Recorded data
***
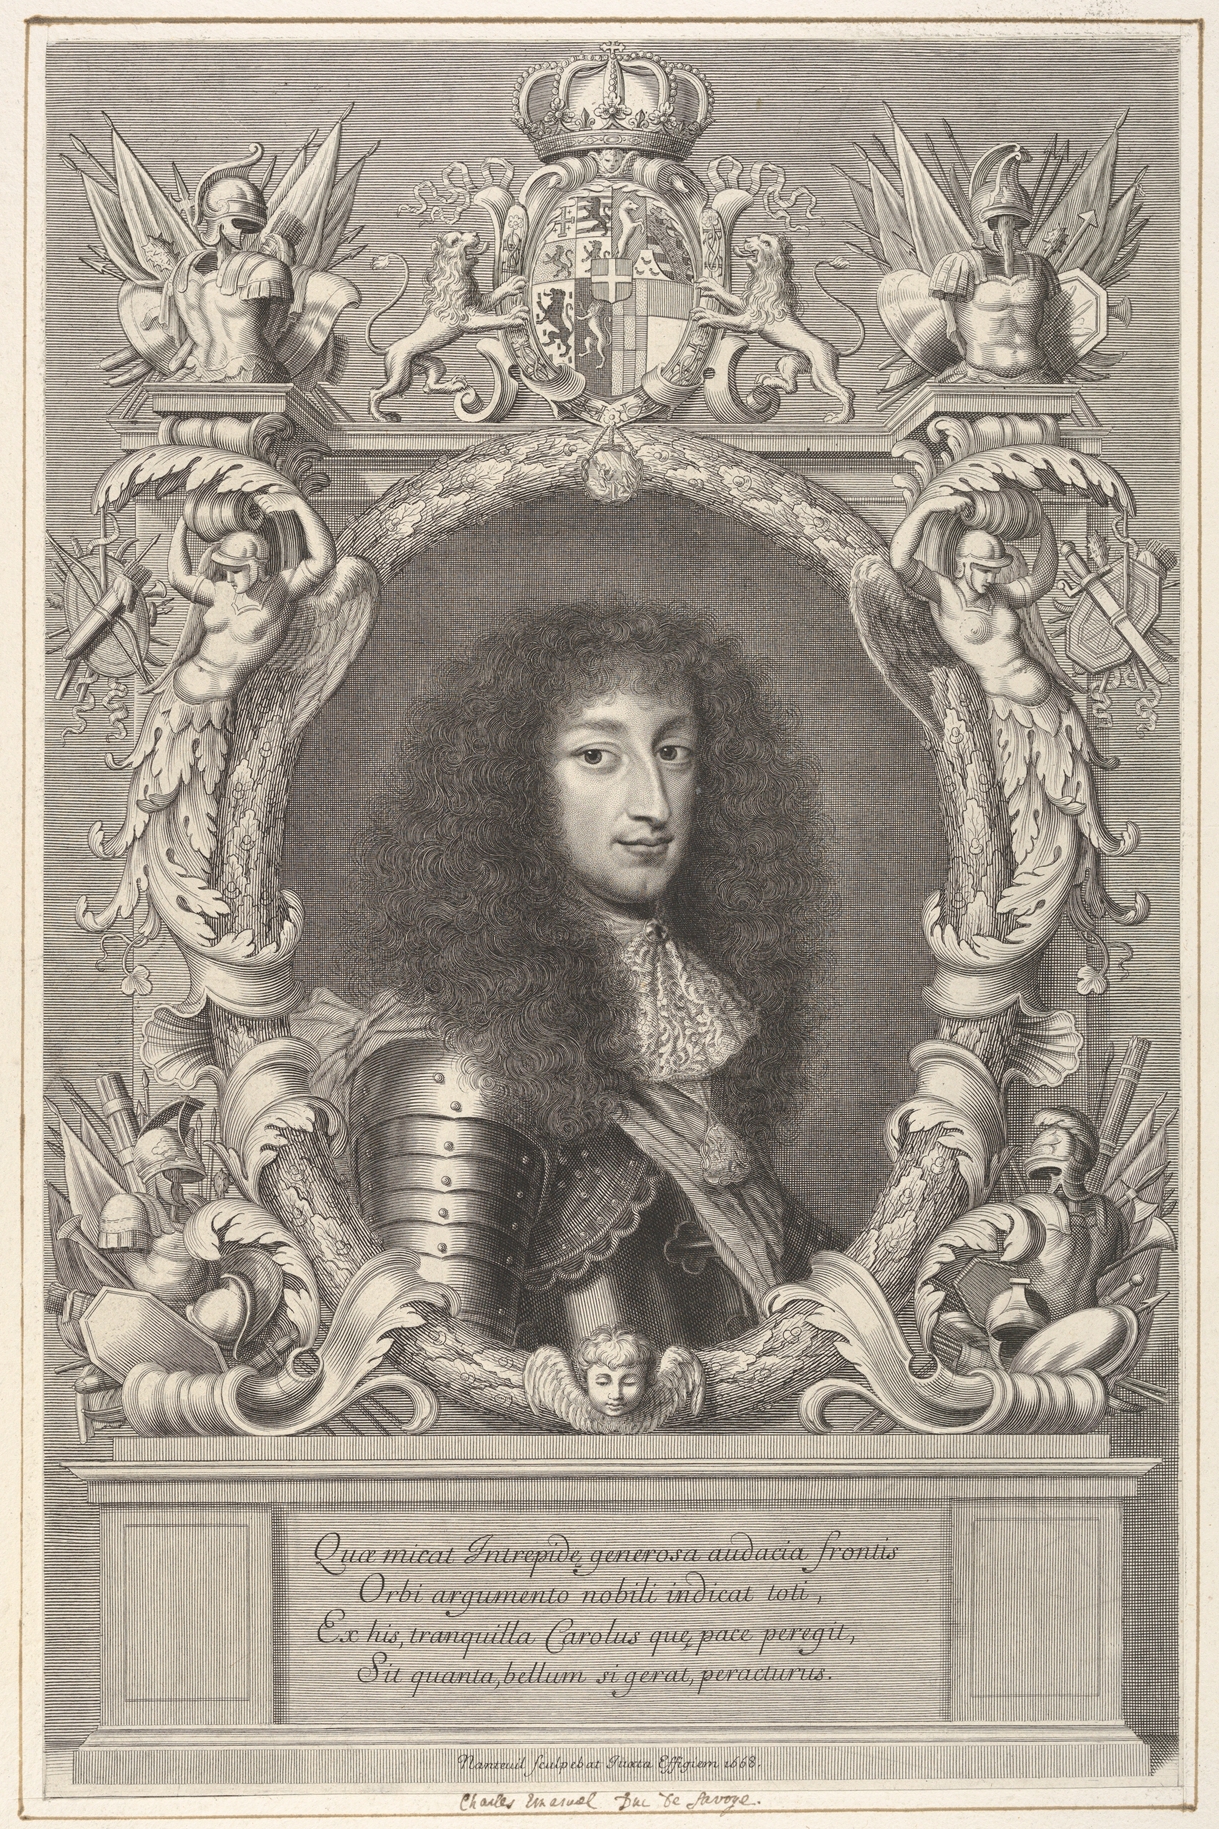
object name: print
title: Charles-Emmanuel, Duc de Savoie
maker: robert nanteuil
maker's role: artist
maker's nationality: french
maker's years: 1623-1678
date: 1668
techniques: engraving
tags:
***
- [Task requirements]: Copy out all lines above holding "maker".

- [Expected answer]:
maker: robert nanteuil
maker's role: artist
maker's nationality: french
maker's years: 1623-1678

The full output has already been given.